Only the lines from the start of the entries up to and including the line with "Donation amount = $50,000" should be written out, exactly as they stand.

Excerpted records Block Start

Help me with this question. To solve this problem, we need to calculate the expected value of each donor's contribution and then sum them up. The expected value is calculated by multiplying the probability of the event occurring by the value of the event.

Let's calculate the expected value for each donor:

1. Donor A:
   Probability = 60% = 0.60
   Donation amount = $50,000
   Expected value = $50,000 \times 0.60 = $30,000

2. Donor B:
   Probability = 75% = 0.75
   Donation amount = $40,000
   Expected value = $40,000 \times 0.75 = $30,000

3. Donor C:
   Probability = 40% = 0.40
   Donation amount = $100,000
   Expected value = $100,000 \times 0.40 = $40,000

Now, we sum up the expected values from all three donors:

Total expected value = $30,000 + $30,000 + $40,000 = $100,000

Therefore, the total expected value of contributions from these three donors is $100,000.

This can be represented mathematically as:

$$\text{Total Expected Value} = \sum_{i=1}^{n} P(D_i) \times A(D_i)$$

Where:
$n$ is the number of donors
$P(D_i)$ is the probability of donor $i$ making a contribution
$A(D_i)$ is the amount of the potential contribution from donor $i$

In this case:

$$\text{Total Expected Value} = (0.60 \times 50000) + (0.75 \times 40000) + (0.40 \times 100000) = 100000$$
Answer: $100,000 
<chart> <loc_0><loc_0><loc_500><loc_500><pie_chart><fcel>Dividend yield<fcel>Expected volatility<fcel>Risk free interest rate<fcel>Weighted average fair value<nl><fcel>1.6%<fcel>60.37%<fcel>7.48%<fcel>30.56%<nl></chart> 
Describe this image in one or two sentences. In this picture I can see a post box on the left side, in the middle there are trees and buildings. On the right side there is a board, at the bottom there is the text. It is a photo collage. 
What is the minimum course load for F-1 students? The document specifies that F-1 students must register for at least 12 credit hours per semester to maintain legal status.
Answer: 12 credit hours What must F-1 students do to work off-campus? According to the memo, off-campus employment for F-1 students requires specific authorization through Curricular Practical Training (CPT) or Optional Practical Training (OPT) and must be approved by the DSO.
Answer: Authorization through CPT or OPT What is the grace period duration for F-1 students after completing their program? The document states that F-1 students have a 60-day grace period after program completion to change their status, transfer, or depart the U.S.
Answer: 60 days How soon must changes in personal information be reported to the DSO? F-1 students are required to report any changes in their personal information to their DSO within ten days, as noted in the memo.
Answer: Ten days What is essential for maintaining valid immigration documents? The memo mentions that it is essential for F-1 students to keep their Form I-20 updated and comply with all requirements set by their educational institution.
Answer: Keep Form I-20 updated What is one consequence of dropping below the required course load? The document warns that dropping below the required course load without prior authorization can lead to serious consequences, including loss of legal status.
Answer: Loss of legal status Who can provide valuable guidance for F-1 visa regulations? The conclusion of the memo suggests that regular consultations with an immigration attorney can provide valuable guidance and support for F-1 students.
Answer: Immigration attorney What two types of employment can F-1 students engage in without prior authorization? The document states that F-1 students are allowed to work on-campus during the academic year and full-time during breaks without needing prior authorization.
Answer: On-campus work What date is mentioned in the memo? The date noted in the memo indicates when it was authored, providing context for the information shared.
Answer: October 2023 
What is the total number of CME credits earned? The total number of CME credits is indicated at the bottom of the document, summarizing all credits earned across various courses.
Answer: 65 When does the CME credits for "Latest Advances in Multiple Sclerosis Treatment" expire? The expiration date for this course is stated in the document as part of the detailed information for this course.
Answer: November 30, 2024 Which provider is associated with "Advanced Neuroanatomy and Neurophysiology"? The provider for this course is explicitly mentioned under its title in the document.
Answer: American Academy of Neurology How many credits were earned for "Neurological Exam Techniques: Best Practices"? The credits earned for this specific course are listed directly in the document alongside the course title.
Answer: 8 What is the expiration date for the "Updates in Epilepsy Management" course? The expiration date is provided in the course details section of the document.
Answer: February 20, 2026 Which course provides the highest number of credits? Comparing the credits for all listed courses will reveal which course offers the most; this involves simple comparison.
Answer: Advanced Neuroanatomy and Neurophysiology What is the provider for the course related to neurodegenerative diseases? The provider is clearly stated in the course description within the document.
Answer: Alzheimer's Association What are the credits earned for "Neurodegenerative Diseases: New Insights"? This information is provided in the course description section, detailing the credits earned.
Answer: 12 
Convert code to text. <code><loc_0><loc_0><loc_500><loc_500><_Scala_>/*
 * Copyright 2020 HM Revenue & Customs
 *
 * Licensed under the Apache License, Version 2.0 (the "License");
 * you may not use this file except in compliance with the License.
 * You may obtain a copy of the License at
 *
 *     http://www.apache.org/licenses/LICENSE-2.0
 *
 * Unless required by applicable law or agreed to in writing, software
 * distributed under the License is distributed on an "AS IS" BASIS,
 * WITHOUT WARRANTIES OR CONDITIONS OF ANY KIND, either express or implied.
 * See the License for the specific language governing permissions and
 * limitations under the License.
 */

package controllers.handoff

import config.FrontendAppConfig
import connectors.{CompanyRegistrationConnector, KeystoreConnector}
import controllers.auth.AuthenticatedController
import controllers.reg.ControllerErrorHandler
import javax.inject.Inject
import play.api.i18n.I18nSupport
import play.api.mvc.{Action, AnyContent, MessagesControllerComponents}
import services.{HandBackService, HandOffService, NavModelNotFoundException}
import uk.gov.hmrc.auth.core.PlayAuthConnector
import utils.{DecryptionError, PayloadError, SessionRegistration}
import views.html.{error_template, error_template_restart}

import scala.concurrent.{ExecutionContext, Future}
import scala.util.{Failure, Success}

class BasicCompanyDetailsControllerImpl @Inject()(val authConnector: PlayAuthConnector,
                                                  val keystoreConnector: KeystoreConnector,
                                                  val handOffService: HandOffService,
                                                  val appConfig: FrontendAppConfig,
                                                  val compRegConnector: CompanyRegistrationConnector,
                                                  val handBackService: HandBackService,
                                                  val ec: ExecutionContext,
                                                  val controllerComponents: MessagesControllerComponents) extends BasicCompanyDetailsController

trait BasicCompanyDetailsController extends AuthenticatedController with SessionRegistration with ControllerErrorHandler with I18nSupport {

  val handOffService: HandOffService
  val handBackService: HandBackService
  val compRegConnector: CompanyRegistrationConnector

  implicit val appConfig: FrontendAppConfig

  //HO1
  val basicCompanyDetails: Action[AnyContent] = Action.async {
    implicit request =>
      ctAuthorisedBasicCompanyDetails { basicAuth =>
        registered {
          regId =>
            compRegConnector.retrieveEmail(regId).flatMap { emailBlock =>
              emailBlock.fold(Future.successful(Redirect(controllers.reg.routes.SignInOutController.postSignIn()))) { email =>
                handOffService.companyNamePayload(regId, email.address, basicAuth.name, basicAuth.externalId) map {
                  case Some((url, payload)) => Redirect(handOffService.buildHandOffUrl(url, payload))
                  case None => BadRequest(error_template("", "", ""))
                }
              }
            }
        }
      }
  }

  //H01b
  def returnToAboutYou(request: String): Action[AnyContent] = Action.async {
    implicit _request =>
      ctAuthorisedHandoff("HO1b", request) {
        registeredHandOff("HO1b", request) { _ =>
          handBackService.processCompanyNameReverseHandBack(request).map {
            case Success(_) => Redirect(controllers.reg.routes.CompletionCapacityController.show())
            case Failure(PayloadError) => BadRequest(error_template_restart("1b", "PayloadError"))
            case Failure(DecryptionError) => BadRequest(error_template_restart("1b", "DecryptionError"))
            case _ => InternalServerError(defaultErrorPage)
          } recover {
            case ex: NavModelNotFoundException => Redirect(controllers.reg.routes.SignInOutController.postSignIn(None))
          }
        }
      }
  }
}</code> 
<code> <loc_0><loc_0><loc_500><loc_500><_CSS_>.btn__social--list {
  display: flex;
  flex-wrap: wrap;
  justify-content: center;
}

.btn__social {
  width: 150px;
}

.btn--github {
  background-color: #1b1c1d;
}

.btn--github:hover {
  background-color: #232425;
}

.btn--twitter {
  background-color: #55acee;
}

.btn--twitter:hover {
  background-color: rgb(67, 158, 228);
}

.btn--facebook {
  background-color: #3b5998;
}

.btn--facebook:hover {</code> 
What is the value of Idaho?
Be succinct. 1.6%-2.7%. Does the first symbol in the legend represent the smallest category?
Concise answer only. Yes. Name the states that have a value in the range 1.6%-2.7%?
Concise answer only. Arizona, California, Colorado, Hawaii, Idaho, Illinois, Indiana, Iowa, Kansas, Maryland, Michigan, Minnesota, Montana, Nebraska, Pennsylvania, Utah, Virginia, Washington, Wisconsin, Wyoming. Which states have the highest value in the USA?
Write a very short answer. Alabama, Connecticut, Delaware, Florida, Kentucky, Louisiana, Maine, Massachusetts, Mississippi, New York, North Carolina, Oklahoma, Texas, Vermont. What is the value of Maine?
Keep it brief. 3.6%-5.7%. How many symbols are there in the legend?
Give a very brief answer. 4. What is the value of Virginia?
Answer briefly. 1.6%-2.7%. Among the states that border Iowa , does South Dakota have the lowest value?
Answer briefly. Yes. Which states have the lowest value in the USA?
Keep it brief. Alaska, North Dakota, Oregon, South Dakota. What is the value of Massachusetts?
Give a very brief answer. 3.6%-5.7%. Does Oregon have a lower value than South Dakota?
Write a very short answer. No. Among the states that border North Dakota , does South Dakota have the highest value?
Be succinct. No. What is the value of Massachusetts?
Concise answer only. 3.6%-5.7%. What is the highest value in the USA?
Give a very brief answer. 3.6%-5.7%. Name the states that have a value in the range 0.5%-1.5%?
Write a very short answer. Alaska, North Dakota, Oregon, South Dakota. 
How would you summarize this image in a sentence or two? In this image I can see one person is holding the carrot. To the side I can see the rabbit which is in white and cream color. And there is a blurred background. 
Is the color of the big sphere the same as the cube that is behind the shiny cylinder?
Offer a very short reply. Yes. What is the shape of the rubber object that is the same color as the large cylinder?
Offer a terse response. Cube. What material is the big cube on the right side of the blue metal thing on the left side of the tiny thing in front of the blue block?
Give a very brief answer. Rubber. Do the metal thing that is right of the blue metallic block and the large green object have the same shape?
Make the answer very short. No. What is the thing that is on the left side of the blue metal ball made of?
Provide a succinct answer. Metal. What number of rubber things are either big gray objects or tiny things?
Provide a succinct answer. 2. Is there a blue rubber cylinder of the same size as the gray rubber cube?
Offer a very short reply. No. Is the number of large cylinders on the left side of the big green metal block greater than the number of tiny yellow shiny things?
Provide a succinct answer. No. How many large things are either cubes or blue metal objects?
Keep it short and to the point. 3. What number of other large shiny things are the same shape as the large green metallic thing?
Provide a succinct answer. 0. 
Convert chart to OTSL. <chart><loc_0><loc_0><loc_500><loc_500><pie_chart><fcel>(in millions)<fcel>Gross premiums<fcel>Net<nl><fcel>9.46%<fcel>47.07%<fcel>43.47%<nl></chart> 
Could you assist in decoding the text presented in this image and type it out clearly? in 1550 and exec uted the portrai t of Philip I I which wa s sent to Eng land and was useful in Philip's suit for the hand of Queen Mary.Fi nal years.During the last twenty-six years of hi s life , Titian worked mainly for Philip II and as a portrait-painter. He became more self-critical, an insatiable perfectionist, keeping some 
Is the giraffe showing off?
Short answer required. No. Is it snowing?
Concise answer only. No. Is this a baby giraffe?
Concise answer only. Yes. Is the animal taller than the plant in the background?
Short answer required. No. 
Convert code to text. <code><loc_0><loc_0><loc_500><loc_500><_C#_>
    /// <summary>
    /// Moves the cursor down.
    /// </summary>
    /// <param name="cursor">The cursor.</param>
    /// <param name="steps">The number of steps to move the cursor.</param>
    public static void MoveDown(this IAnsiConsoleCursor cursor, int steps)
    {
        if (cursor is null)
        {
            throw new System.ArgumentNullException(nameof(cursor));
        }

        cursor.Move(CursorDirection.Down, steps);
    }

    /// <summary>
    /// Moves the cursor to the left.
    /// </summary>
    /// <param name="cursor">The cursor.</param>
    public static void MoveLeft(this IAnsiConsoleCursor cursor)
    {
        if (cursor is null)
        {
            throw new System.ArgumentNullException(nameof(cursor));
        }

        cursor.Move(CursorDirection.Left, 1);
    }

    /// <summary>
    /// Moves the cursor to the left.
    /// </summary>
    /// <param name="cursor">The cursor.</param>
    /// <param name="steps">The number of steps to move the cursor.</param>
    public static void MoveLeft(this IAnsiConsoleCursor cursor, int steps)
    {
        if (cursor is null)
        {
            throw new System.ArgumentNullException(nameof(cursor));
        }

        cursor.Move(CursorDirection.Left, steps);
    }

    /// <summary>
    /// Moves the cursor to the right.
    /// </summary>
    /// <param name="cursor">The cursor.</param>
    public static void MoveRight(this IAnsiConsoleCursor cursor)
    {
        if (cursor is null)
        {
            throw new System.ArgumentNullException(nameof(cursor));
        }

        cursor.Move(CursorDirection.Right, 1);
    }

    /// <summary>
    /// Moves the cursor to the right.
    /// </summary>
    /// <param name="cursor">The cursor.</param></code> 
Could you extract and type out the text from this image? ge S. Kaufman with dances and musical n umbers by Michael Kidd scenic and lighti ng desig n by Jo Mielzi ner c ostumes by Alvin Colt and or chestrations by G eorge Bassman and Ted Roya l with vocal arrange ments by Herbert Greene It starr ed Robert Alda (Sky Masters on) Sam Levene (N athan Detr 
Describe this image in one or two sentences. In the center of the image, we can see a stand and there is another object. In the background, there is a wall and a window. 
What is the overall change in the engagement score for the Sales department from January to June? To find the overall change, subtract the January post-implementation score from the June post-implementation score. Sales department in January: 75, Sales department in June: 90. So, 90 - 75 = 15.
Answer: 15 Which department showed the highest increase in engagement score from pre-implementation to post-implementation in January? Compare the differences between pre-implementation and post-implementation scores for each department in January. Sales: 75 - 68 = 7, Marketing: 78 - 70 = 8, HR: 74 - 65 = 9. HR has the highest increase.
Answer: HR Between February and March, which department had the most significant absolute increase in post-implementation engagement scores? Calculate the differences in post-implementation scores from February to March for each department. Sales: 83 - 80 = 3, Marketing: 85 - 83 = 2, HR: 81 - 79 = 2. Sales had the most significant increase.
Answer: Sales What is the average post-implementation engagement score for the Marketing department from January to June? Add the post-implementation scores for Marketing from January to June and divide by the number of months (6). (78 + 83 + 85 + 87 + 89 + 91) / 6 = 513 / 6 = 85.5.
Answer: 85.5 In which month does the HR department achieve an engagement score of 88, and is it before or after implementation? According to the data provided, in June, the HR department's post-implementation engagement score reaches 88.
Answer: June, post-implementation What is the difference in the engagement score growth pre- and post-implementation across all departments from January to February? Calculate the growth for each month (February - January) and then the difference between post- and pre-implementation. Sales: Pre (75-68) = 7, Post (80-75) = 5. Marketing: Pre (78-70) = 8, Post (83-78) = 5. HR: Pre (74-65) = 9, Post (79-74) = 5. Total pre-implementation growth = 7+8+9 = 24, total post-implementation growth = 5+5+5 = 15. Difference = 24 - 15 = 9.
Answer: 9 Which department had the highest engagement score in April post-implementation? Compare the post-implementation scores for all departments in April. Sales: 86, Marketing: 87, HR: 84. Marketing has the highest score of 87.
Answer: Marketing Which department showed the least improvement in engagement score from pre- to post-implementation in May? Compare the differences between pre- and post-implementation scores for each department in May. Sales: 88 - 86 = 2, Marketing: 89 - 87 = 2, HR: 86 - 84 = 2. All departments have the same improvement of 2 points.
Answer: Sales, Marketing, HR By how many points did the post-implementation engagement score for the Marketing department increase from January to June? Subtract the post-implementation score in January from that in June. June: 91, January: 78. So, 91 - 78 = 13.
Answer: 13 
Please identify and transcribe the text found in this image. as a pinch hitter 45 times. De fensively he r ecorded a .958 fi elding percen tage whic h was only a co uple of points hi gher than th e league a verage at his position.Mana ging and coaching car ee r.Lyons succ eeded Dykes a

Excerpted records Block End

_Exercise result_
Help me with this question. To solve this problem, we need to calculate the expected value of each donor's contribution and then sum them up. The expected value is calculated by multiplying the probability of the event occurring by the value of the event.

Let's calculate the expected value for each donor:

1. Donor A:
   Probability = 60% = 0.60
   Donation amount = $50,000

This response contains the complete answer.